To verify the accuracy of the identification results, the production performance and historical measures of the well group are summarized and analyzed, as shown in Fig. 12. There is a dynamic response between the S164-22 well and SP10-6 well. In December 2016, water channeling occurs after water injection splitting reaches 464 m3, and then the water channeling situation is improved by rotation injection. The production dynamic analysis results are consistent with the flow channel identification results, which verifies the accuracy of this method.
(1) A dual-medium model considering horizontal-well connectivity is established to simulate low-permeability fractured reservoirs. The simulation results show that the model can well match the actual production performance. The simulation speed is faster than traditional numerical simulation software, laying the foundation for real-time reservoir production optimization.
(2) A flow channel identification method for low-permeability fractured reservoir is proposed.
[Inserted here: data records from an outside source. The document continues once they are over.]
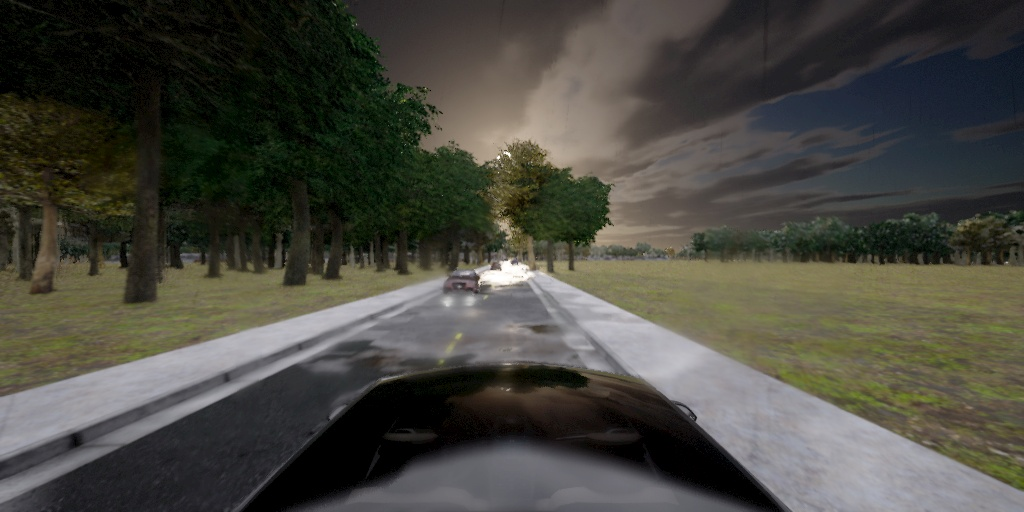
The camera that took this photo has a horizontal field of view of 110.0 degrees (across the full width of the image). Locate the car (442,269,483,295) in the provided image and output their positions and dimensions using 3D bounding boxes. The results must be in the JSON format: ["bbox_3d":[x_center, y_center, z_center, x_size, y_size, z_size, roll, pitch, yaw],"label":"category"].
[{"bbox_3d":[-2.845,1.490,21.349,1.994,1.385,4.181,0,-1,0],"label":"car"}]

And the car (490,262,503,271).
[{"bbox_3d":[-2.763,1.825,63.285,1.812,1.442,4.674,0,0,1],"label":"car"}]
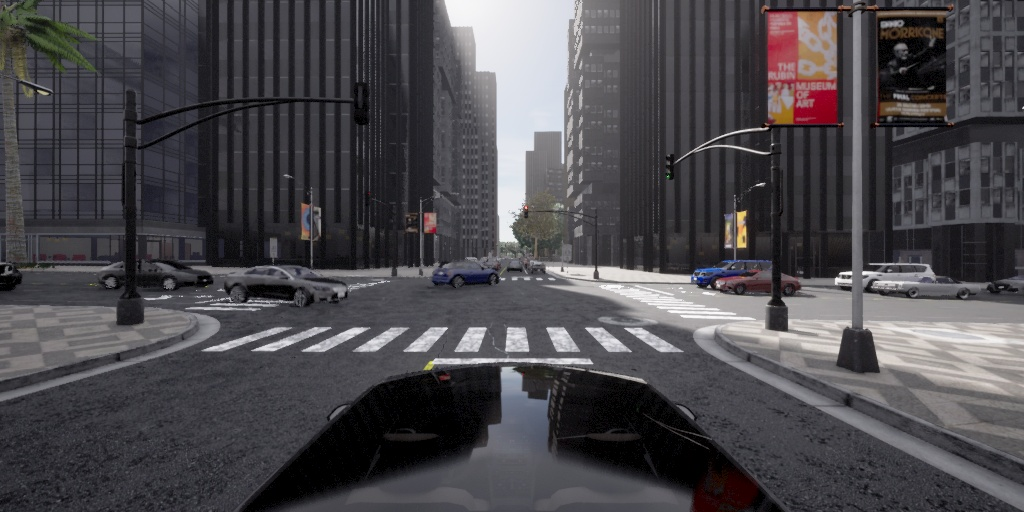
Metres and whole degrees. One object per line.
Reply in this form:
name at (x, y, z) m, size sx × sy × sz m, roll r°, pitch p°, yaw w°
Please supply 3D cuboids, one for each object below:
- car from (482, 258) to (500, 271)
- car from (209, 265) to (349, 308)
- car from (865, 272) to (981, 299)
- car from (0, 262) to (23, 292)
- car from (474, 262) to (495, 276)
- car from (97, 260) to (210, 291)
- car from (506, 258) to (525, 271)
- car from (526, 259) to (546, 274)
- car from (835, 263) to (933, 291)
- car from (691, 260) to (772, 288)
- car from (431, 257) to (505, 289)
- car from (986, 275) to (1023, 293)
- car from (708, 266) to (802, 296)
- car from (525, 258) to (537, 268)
car at (-2.789, 1.113, 49.270) m, size 2.097 × 1.767 × 4.553 m, roll 0°, pitch 0°, yaw 1°
car at (-8.858, 1.126, 14.206) m, size 4.902 × 1.511 × 2.128 m, roll 2°, pitch -2°, yaw 13°
car at (24.824, 1.841, 21.660) m, size 4.718 × 1.301 × 1.895 m, roll 1°, pitch 0°, yaw 0°
car at (-24.548, 0.554, 15.160) m, size 5.566 × 2.045 × 2.150 m, roll 1°, pitch 0°, yaw 0°
car at (-2.896, 1.358, 38.986) m, size 1.895 × 1.301 × 4.718 m, roll 0°, pitch 0°, yaw 1°
car at (-18.164, 0.956, 18.386) m, size 4.892 × 1.490 × 1.837 m, roll 1°, pitch 0°, yaw 0°
car at (0.366, 1.324, 48.354) m, size 1.994 × 1.385 × 4.181 m, roll 0°, pitch 0°, yaw 1°
car at (2.988, 1.308, 41.771) m, size 2.007 × 1.370 × 4.403 m, roll 0°, pitch 0°, yaw 1°
car at (25.887, 1.488, 24.904) m, size 5.566 × 2.045 × 2.150 m, roll 1°, pitch 0°, yaw 0°
car at (15.530, 1.294, 24.943) m, size 5.566 × 2.045 × 2.150 m, roll 1°, pitch 0°, yaw 0°
car at (-2.937, 1.092, 23.393) m, size 2.097 × 1.767 × 4.553 m, roll 1°, pitch 0°, yaw 41°
car at (35.928, 2.022, 24.853) m, size 4.181 × 1.385 × 1.994 m, roll 1°, pitch 0°, yaw 0°
car at (14.844, 1.579, 21.701) m, size 4.674 × 1.442 × 1.812 m, roll 1°, pitch 0°, yaw 0°
car at (3.044, 1.285, 47.453) m, size 1.751 × 1.417 × 4.829 m, roll 0°, pitch 0°, yaw 1°
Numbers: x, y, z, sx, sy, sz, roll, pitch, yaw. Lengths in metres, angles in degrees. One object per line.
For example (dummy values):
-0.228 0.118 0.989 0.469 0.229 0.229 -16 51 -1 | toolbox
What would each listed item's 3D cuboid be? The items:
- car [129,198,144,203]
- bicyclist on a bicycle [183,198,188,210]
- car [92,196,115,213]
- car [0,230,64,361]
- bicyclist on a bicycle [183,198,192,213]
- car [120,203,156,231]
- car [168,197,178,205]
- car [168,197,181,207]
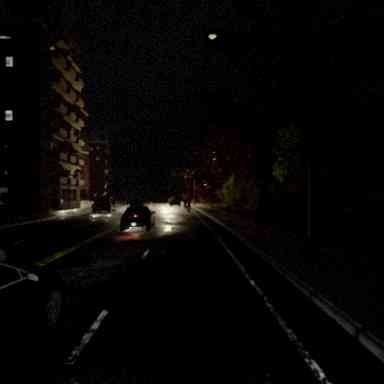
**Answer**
-8.643 1.818 51.886 2.097 1.767 4.553 0 0 -4 | car
-1.030 1.813 50.146 0.659 1.776 1.843 0 0 -4 | bicyclist on a bicycle
-11.277 1.606 42.787 2.150 2.045 5.566 0 0 -4 | car
-3.193 1.531 4.053 2.128 1.511 4.902 0 0 0 | car
-0.391 1.798 40.806 0.866 1.612 1.509 0 -1 -4 | bicyclist on a bicycle
-3.578 1.708 22.346 1.837 1.490 4.892 0 -1 -2 | car
-4.523 2.025 77.841 2.097 1.767 4.553 0 0 -7 | car
-3.257 2.056 65.884 1.882 1.535 5.008 0 0 -6 | car
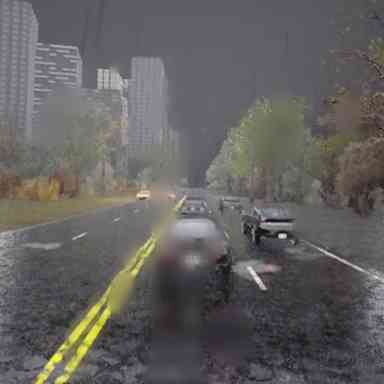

The method is divided into two steps. In the first step, the Lorentz curve is used to qualitatively identify the heterogeneity between wells. In the second step, the split coefficient is used to quantitatively characterize the channeling paths and quickly identify the channeling path type and accurately characterize the channeling flow.
(3) Application of the proposed method to an oilfield shows that the proposed channeling path identification method can intuitively identify the channeling channel and predict the production performance based on accurate automatic history fitting inversion of the dual-medium model of interwell connectivity. Furthermore, it can give early warning of channeling in time for real-time optimization of production systems and strategy implementation.
Acknowledgement: Personally, I would like to thank support from our team members, and the reviews whose constructive and detailed critique contributed to the quality of this paper.
Funding Statement: The authors received no specific funding for this study.
Conflicts of Interest: The authors declare that they have no conflicts of interest to report regarding the present study.